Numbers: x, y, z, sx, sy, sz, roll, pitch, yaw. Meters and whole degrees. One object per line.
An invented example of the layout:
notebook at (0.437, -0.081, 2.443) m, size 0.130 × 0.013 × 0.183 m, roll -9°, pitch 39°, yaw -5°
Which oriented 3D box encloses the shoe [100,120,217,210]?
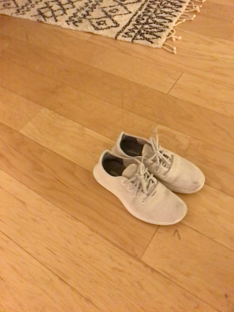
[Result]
shoe at (0.102, 0.015, 0.676) m, size 0.270 × 0.070 × 0.120 m, roll 26°, pitch 62°, yaw 22°

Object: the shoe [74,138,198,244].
shoe at (0.041, 0.078, 0.642) m, size 0.280 × 0.070 × 0.120 m, roll 31°, pitch 64°, yaw 24°
==================================================
> _EXERCISE DESCRIPTION_: An exact retyping of the entries, without images, is the required answer.

> _OUTPUT FOR THIS EXERCISE_:
Numbers: x, y, z, sx, sy, sz, roll, pitch, yaw. Meters and whole degrees. One object per line.
An invented example of the layout:
notebook at (0.437, -0.081, 2.443) m, size 0.130 × 0.013 × 0.183 m, roll -9°, pitch 39°, yaw -5°
Which oriented 3D box encloses the shoe [100,120,217,210]?
[Result]
shoe at (0.102, 0.015, 0.676) m, size 0.270 × 0.070 × 0.120 m, roll 26°, pitch 62°, yaw 22°

Object: the shoe [74,138,198,244].
shoe at (0.041, 0.078, 0.642) m, size 0.280 × 0.070 × 0.120 m, roll 31°, pitch 64°, yaw 24°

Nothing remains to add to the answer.